- Born: 28 December 1998 (age 27) Talgar, Almaty Region, Kazakhstan
- Education: Al-Farabi Kazakh National University
- Occupations: Actor; film director; composer; poet; dubbing writer;
- Spouse: Gülfaru Tölen ​ ​(m. 2021)​

= Ramazan Amantai =

Kazakh actor

Ramazan Bolatūly Amantai (sometimes transliterated Amantay, Рамазан Болатұлы Амантай; born 28 December 1998) is a Kazakh film actor, filmmaker, composer, and poet. He is best known for portraying Erkoş in the Kazakh Business movie franchise.

== Early life and education ==
Amantai was born on 28 December 1998 in Talgar, Almaty Region. His father, Bolat, is an economist, while his mother Roza Esbosynova is a kuishi and a dombrist, who studied at the Kazakh National Conservatory. Amantai has one younger sister and two younger brothers. He has said that he dreamed of studying in the Jürgenov Kazakh National Academy of Arts, but was not accepted due to unspecified "unfair" circumstances.

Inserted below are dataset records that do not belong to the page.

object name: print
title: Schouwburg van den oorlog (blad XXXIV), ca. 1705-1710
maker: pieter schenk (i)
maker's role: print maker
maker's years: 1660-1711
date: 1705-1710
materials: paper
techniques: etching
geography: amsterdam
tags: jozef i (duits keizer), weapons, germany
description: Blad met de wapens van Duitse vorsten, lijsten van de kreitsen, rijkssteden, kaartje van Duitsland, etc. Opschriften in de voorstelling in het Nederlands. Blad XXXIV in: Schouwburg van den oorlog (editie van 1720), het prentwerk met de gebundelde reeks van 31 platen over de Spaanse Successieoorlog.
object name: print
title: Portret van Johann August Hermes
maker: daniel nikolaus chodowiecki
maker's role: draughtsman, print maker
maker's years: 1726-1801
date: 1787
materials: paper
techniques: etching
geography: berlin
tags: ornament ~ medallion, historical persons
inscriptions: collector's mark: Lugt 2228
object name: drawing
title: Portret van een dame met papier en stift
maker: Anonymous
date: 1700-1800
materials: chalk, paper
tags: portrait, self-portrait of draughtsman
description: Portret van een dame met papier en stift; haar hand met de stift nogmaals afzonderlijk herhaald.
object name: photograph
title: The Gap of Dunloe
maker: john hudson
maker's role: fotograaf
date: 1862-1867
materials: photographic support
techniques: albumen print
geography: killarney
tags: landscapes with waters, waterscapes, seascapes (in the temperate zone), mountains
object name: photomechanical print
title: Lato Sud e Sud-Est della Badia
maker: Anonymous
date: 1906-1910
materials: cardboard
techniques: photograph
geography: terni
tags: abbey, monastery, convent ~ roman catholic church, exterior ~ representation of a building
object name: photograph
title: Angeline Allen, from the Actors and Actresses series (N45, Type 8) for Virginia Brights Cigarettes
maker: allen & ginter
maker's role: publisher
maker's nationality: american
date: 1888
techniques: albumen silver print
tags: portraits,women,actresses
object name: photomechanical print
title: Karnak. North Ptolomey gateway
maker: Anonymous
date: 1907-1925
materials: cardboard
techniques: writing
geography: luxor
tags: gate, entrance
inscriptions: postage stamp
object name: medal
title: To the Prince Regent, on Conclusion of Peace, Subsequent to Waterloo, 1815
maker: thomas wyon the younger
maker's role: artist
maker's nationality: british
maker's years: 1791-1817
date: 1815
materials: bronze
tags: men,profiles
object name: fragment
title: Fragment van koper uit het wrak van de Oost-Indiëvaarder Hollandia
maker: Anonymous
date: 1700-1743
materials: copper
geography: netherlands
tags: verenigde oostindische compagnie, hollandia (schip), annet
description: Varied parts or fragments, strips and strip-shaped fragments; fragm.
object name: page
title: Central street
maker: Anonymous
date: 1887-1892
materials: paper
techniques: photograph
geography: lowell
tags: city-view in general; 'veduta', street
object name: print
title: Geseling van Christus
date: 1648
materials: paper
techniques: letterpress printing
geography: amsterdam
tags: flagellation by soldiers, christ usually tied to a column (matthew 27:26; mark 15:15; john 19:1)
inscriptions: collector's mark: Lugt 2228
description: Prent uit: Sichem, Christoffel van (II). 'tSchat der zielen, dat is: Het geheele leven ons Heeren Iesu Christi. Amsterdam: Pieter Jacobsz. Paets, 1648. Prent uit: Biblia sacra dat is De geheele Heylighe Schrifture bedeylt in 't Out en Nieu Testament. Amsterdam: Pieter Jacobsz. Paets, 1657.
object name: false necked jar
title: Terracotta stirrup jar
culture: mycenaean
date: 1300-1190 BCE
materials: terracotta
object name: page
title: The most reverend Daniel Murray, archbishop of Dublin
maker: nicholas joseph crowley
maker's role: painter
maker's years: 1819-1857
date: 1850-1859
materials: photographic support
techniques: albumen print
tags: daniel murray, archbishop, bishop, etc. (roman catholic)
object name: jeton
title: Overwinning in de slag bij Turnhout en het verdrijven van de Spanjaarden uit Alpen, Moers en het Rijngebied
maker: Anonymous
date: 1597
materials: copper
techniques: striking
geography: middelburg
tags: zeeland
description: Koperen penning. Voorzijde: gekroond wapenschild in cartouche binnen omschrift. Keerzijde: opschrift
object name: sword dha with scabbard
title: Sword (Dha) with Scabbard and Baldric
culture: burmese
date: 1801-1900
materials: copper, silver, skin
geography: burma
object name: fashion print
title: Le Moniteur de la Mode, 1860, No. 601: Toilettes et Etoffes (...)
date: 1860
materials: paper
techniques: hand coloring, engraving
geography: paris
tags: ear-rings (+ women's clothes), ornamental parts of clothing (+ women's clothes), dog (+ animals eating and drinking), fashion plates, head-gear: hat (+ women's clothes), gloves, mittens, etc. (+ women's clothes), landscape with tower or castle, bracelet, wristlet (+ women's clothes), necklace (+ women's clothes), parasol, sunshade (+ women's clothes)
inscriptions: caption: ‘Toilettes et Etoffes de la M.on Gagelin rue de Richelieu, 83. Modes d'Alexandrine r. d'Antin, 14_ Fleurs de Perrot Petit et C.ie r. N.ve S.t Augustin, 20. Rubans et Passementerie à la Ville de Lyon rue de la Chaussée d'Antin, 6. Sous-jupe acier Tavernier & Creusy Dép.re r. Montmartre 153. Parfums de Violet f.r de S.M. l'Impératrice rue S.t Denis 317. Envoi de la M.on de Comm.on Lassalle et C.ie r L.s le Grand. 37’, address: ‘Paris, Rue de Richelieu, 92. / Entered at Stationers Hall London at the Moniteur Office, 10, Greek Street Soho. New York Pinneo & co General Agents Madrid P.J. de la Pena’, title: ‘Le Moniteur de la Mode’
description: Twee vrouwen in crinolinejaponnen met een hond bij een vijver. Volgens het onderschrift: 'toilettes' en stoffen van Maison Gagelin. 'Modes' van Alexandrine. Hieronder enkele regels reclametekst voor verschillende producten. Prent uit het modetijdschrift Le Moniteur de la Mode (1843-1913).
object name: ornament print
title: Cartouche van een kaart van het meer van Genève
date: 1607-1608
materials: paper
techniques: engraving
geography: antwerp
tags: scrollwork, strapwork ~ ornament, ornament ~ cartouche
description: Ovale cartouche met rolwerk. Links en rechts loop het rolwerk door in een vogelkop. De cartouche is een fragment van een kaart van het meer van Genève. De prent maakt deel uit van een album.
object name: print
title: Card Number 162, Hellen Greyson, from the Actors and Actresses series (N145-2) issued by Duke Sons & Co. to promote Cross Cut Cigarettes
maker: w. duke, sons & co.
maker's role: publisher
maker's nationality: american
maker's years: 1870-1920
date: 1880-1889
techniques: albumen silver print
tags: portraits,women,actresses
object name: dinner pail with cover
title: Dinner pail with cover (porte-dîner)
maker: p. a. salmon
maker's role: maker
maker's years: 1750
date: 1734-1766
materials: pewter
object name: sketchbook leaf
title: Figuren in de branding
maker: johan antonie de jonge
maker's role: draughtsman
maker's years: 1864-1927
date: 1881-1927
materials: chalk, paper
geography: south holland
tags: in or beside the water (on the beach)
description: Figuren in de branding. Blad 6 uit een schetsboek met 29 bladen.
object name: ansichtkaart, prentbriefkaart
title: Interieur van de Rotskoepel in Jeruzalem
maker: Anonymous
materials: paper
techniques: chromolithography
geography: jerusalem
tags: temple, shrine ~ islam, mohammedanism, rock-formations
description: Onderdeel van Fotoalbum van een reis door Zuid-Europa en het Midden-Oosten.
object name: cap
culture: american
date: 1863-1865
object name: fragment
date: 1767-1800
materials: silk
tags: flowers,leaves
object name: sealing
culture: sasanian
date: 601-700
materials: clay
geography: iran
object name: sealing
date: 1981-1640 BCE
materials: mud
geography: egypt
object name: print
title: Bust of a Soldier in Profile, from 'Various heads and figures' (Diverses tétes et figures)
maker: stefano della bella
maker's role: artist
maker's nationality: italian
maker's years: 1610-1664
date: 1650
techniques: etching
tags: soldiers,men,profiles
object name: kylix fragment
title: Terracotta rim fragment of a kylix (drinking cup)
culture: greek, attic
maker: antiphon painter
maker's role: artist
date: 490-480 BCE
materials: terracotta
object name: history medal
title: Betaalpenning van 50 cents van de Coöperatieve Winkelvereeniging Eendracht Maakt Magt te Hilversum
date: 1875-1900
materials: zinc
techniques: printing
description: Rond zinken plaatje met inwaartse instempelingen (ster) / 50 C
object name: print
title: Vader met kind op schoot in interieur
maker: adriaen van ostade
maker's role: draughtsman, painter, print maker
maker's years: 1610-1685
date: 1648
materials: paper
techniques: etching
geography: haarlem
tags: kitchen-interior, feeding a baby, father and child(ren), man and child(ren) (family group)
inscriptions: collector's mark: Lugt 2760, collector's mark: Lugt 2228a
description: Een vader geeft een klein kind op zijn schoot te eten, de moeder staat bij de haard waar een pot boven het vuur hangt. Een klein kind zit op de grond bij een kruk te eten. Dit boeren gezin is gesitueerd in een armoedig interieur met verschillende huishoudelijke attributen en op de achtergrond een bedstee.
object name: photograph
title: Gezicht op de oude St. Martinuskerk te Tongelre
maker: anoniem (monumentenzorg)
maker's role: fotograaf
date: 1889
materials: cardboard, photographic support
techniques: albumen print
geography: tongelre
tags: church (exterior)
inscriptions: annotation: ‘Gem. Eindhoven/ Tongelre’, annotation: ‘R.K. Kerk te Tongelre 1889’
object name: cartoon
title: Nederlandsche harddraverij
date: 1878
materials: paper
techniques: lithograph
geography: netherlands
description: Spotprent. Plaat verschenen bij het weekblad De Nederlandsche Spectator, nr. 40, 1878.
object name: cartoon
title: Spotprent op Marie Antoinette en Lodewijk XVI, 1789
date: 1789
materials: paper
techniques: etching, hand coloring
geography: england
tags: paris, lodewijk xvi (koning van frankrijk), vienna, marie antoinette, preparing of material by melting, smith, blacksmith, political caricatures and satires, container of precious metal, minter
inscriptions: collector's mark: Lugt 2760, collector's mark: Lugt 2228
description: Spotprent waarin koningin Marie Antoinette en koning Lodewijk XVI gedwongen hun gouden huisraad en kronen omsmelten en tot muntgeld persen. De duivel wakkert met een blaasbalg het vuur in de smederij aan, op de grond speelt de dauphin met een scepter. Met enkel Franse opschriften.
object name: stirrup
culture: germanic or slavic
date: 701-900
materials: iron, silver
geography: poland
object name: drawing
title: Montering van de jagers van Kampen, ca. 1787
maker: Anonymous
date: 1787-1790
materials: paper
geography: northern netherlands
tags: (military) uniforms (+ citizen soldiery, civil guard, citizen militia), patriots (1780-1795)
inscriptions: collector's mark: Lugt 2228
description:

Since third grade, Amantai has played the dombra, and performed at international competitions. As of January 2019, he was studying at the Al-Farabi Kazakh National University to become a librarian.

== Career ==
As remembered by Amantai himself, he began his acting career at his father's request, but never regretted the decision. After finishing his school, Amantai went to a casting, and his debut was in the Ainalaiyn (2011) series.

Amantai described his acting experience as Erkoş in Kazakh Business in America (2017) "life-changing", and went on to reprise the role in the later sequels. Amantai's first main role in film was of Erkoş, in the Erkoş-based spinoff movie I Go to School.

In addition to acting, Amantai is a film director. In January 2025, his third full-length movie, Mädi in China, was published.

Outside film, Amantai is also a song and dubbing writer. He, for example, has written song lyrics performed by Töreğali Töreäli. In a 2023 interview to the Khabar Agency, he stated that he wrote approximately 400 songs in the last seven years. Though "half of them are not published, and the other are not that good", he requires only fifteen minutes to write one.

== Personal life ==
Amantai is an avid reader. He has stated that his dream role in acting has always been Abai Qunanbaiuly.

In March 2021, Amantai married Gülfaru Tölen. In July 2021, he revealed that they met at Toi Duman Radio.

In August 2025, Amantai announced that his weight has reached 158.5 kg. Having said that he gained 88 kg in the last ten years, he announced his weight-loss journey due to health concerns.